Material to process: Begin

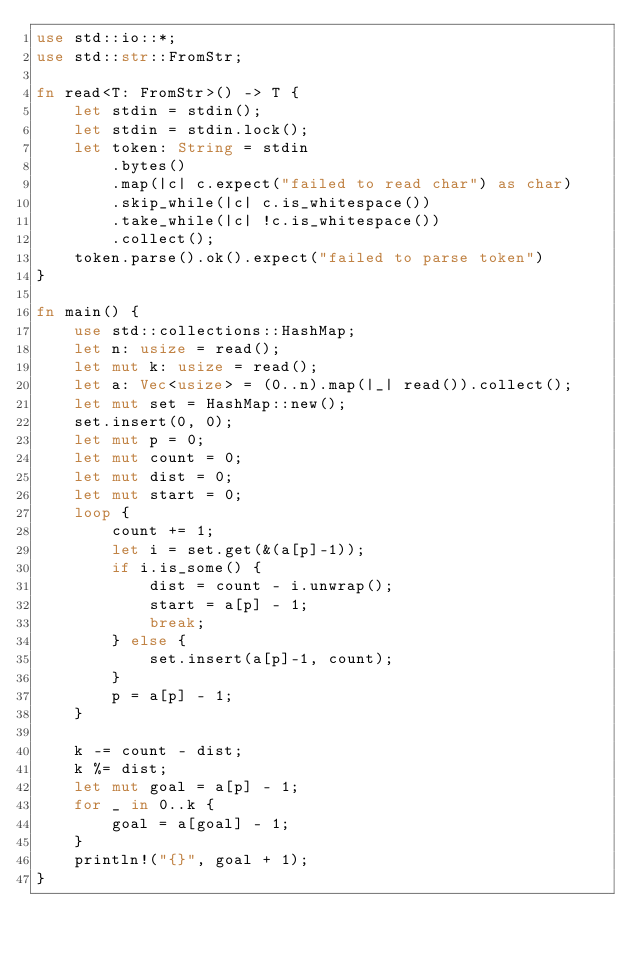Convert code to text. <code><loc_0><loc_0><loc_500><loc_500><_Rust_>use std::io::*;
use std::str::FromStr;

fn read<T: FromStr>() -> T {
    let stdin = stdin();
    let stdin = stdin.lock();
    let token: String = stdin
        .bytes()
        .map(|c| c.expect("failed to read char") as char) 
        .skip_while(|c| c.is_whitespace())
        .take_while(|c| !c.is_whitespace())
        .collect();
    token.parse().ok().expect("failed to parse token")
}

fn main() {
    use std::collections::HashMap;
    let n: usize = read();
    let mut k: usize = read();
    let a: Vec<usize> = (0..n).map(|_| read()).collect();
    let mut set = HashMap::new();
    set.insert(0, 0);
    let mut p = 0;
    let mut count = 0;
    let mut dist = 0;
    let mut start = 0;
    loop {
        count += 1;
        let i = set.get(&(a[p]-1));
        if i.is_some() {
            dist = count - i.unwrap();
            start = a[p] - 1;
            break;
        } else {
            set.insert(a[p]-1, count);
        }
        p = a[p] - 1;
    }

    k -= count - dist;
    k %= dist;
    let mut goal = a[p] - 1;
    for _ in 0..k {
        goal = a[goal] - 1;
    }
    println!("{}", goal + 1);
}
</code> 
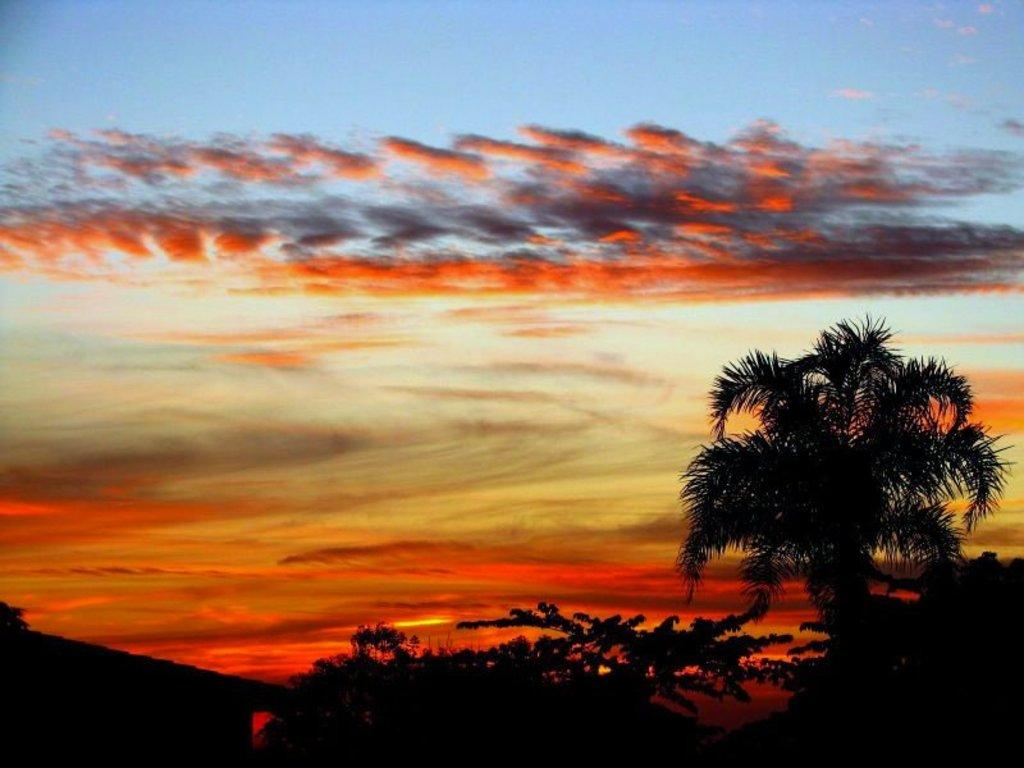What type of vegetation can be seen in the image? There are trees in the image. What is visible in the background of the image? The sky is visible in the image. What can be observed in the sky? Clouds are present in the sky. What type of creature can be seen playing during recess in the image? There is no creature or recess present in the image; it only features trees and the sky. 
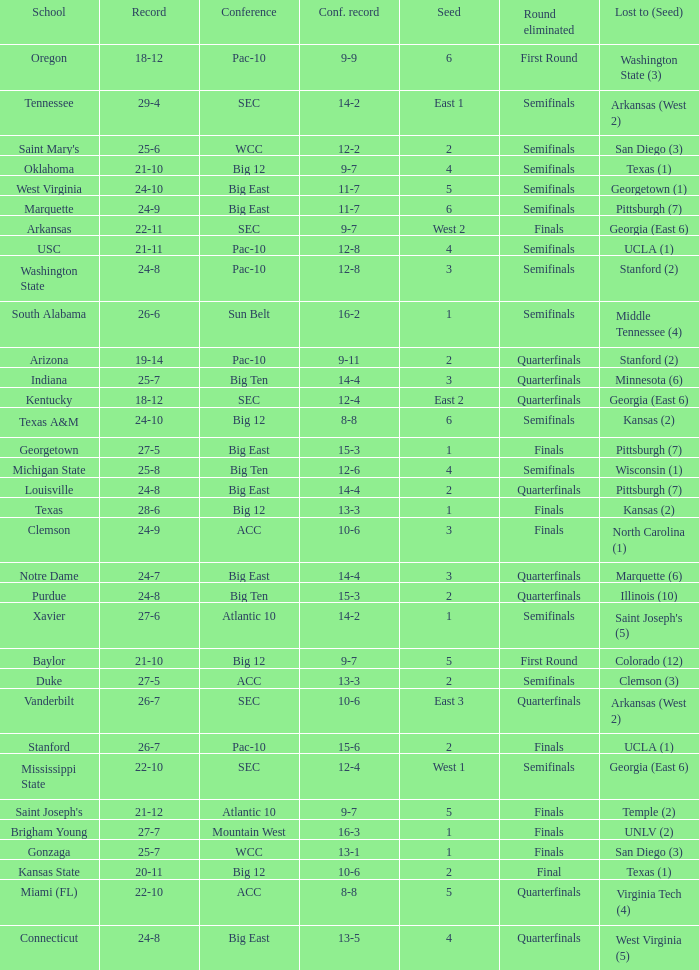Name the conference record where seed is 3 and record is 24-9 10-6. 
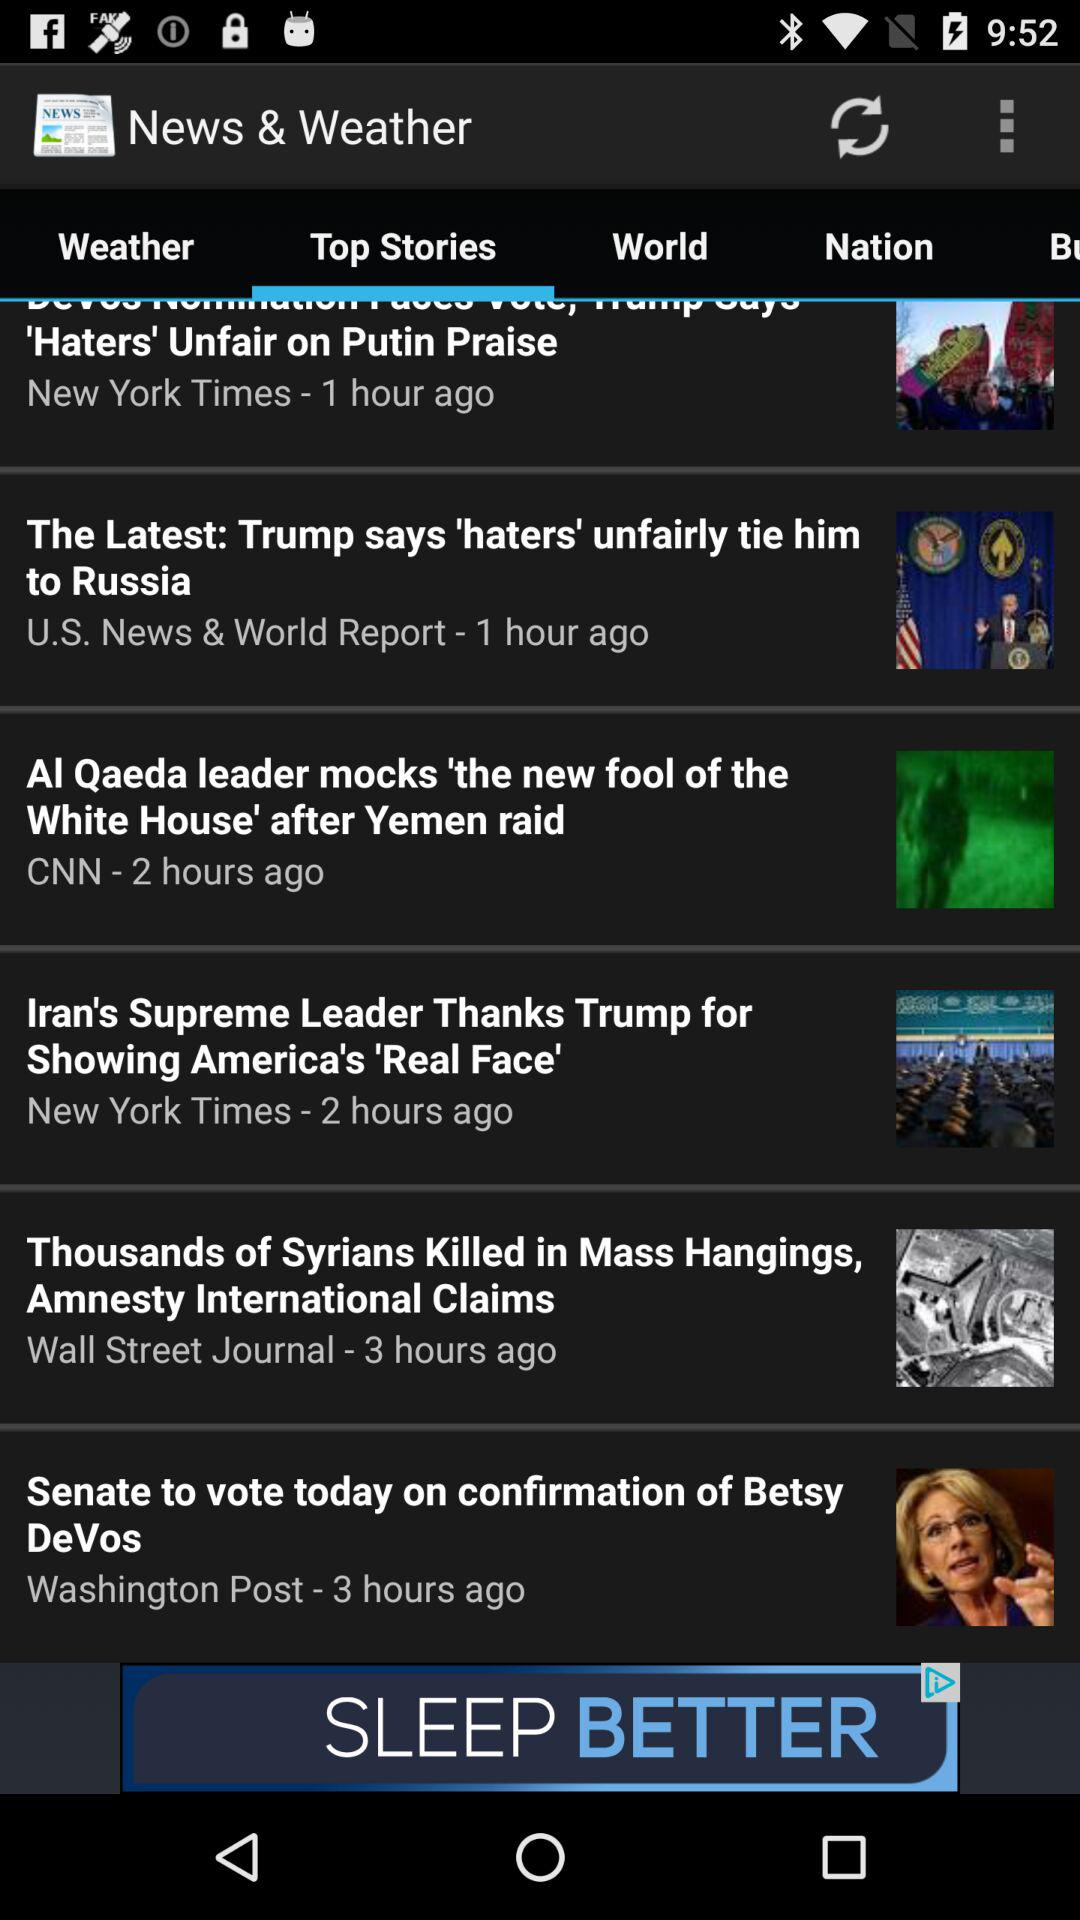How many more hours ago was the latest article posted than the oldest article?
Answer the question using a single word or phrase. 2 
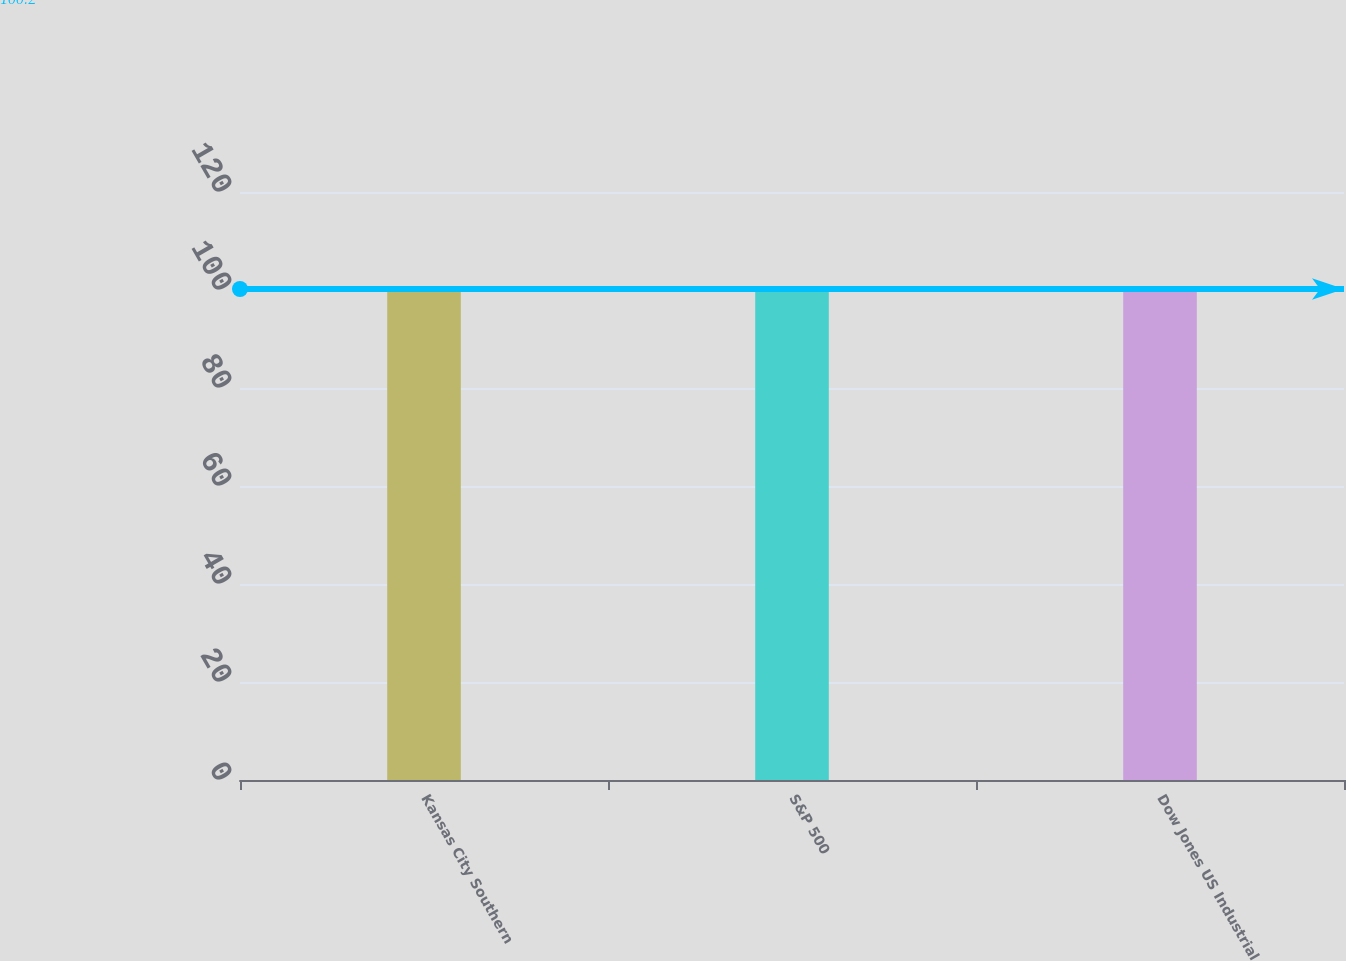Convert chart. <chart><loc_0><loc_0><loc_500><loc_500><bar_chart><fcel>Kansas City Southern<fcel>S&P 500<fcel>Dow Jones US Industrial<nl><fcel>100<fcel>100.1<fcel>100.2<nl></chart> 
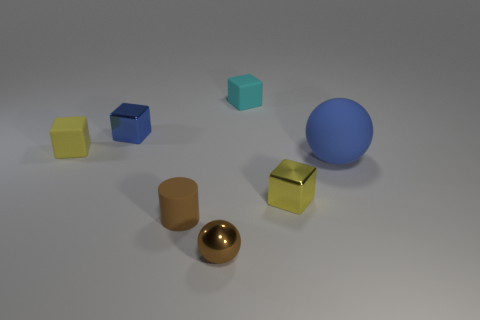Subtract all blue blocks. How many blocks are left? 3 Add 3 tiny cyan shiny blocks. How many objects exist? 10 Subtract all gray blocks. Subtract all yellow cylinders. How many blocks are left? 4 Subtract all balls. How many objects are left? 5 Add 3 blue rubber spheres. How many blue rubber spheres exist? 4 Subtract 0 purple spheres. How many objects are left? 7 Subtract all big blue cubes. Subtract all tiny brown things. How many objects are left? 5 Add 7 brown cylinders. How many brown cylinders are left? 8

Material to process: End

- Task to complete -
Find the lines above that contain the word "HashMap" and copy each one.

- Exercise output -
    use std::collections::HashMap;
    let mut set = HashMap::new();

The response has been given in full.